Erst zum Hausarzt, dann zum Facharzt – so stellen sich Union und SPD künftig Arztbesuche vor. Ein sogenanntes Primärarztsystem soll für mehr Ordnung sorgen. Doch viele warnen: Das könnte die Versorgung eher verschlechtern. Von A. Herr und Y. Speck

Wer heute zum Orthopäden, zum Hals-Nasen-Ohrenarzt oder einer anderen Fachärztin möchte, kann dort direkt einen Termin buchen – ohne vorher beim Hausarzt gewesen zu sein. Das könnte sich bald ändern. Denn Union und SPD schlagen im Koalitionsvertrag ein sogenanntes Primärarztsystem vor.

Das bedeutet: Wer zum Facharzt möchte, muss zuerst zur Hausärztin gehen. Die Hausärztin stellt dann – bei Bedarf – eine Überweisung an den Facharzt aus. Die Parteien erhoffen sich dadurch eine bessere Patientenkoordinierung und schnellere Termine bei Fachärzten.

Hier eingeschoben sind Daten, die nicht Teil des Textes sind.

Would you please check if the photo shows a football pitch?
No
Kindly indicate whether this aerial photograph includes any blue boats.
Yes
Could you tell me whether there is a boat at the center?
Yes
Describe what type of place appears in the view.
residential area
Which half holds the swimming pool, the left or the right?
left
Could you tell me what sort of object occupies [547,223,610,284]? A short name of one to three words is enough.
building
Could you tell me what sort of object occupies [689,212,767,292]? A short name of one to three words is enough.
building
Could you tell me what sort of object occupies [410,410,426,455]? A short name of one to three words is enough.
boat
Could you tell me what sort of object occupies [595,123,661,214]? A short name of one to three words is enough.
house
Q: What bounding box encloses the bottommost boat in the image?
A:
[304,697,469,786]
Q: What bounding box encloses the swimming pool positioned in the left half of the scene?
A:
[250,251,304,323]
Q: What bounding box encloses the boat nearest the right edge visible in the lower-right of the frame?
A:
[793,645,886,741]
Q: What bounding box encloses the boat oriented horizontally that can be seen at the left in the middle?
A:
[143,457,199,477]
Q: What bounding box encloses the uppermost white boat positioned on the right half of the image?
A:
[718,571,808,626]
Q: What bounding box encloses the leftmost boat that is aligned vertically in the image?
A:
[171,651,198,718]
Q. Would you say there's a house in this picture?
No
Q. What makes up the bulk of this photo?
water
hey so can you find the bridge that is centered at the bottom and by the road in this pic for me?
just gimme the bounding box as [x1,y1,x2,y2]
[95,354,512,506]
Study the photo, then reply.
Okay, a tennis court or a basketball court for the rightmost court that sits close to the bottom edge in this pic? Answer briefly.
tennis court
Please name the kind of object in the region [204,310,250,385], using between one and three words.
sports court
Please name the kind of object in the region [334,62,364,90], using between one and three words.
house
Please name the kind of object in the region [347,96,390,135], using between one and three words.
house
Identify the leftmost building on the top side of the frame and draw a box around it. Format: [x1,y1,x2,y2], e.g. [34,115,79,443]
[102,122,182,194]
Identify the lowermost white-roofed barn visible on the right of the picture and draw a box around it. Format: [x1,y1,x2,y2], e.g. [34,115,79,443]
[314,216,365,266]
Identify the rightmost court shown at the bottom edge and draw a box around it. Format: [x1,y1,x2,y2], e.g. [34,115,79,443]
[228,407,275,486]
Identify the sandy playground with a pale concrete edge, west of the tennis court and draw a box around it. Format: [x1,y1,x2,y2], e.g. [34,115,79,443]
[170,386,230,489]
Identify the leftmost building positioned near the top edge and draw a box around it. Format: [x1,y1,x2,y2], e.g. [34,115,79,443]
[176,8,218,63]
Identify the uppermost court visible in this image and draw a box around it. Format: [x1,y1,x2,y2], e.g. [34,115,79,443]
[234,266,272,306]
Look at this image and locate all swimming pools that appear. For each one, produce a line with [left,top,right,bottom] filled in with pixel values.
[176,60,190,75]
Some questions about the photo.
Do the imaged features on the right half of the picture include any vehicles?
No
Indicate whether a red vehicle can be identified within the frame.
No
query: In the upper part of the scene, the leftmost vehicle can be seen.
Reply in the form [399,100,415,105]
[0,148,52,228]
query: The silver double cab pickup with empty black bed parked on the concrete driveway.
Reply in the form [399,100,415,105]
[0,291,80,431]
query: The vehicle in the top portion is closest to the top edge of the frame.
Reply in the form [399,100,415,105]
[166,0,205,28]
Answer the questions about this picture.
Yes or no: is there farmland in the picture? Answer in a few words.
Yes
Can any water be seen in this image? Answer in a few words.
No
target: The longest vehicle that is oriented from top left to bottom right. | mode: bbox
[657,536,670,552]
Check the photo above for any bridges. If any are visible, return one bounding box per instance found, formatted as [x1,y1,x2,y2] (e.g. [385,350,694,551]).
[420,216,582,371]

Kritiker warnen hingegen vor einer Überforderung der Hausärzte und sehen Nachteile für die Versorgung von Patientinnen und Patienten.

Patientenschützer kritisieren Pläne

Eugen Brysch, Vorstand der Deutschen Stiftung Patientenschutz, hält wenig vom Vorschlag von Union und SPD: "Es wird dazu führen, dass wir jetzt zwei Mal warten dürfen. Einmal beim Hausarzt und das nächste Mal beim Facharzt."

Brysch betont, dass Hausarztpraxen in Berlin und Brandenburg oft keine neuen Patientinnen und Patienten mehr aufnehmen würden. Außerdem hätten viele Menschen gar keinen Hausarzt mehr. Müssten alle den Umweg über die ohnehin schon vollen Hausarztpraxen nehmen, hätte das Nachteile. "Das wird immer zu Lasten derjenigen gehen, die heute schon zu dem jeweiligen Hausarzt gehen", so Brysch.

Sorge vor Überforderung der Praxen

Die Kassenärztliche Bundesvereinigung ist der Dachverband der einzelnen Kassenärztlichen Vereinigungen. Ihr Vorstandsvorsitzender Andreas Gassen kritisiert die Pläne von Union und SPD ebenfalls. "Aktuell würde das dazu führen, dass die hausärztlichen Praxen sich doppelt so viele Patienten anschauen müssten wie bisher."

Es sei schlicht nicht machbar, alle 73 Millionen Kassenpatienten durch das hausärztliche System zu schleusen. "Wir würden das System der hausärztlichen Praxen überfordern." Außerdem würden sich logistische Fragen stellen. "Wenn Menschen in einem Flächenland wie Brandenburg eine hausärztliche Praxis aufsuchen müssen, die 50 Kilometer südlich entfernt ist und dann eine fachärztliche Praxis aufsuchen, die 50 Kilometer nördlich entfernt ist, dann müssen sie vorher getankt haben. Sonst wird das schwierig", sagt Andreas Gassen.

Hausärzte-Verband begrüßt Primärarzt-Pläne

Einer, der diesen Vorschlag dann in die Tat umsetzen müsste, ist der Berliner Hausarzt Ilker Aydin. "Natürlich erwarten wir dann einen größeren Zustrom von Patientinnen und Patienten, die einen Facharzttermin haben wollen und über uns gehen müssen. Das bedeutet für uns mehr Arbeit", so Aydin. Dennoch sei er bereit, das vorgeschlagene System auszuprobieren. "Offensichtlich ist da etwas aus dem Ruder gelaufen." Er meint die hohen Kosten für Facharztbehandlungen und die langen Wartezeiten auf Termine.

Mit dieser Meinung ist er nicht allein. Auch der Hausärzte-Verband Berlin und Brandenburg e.V. begrüßt die Pläne im Koalitionsvertrag. "Wir haben lange dafür gekämpft, dass endlich die hausärztliche Primärversorgung ihren Weg findet", sagt die Vorsitzende Doris Höpner. Die medizinische Versorgung sei qualitativ besser, wenn Hausärzte und Hausärztinnen die Menschen ganzheitlich betreuen – und sie nicht nur punktuell von Fachärzten behandelt werden.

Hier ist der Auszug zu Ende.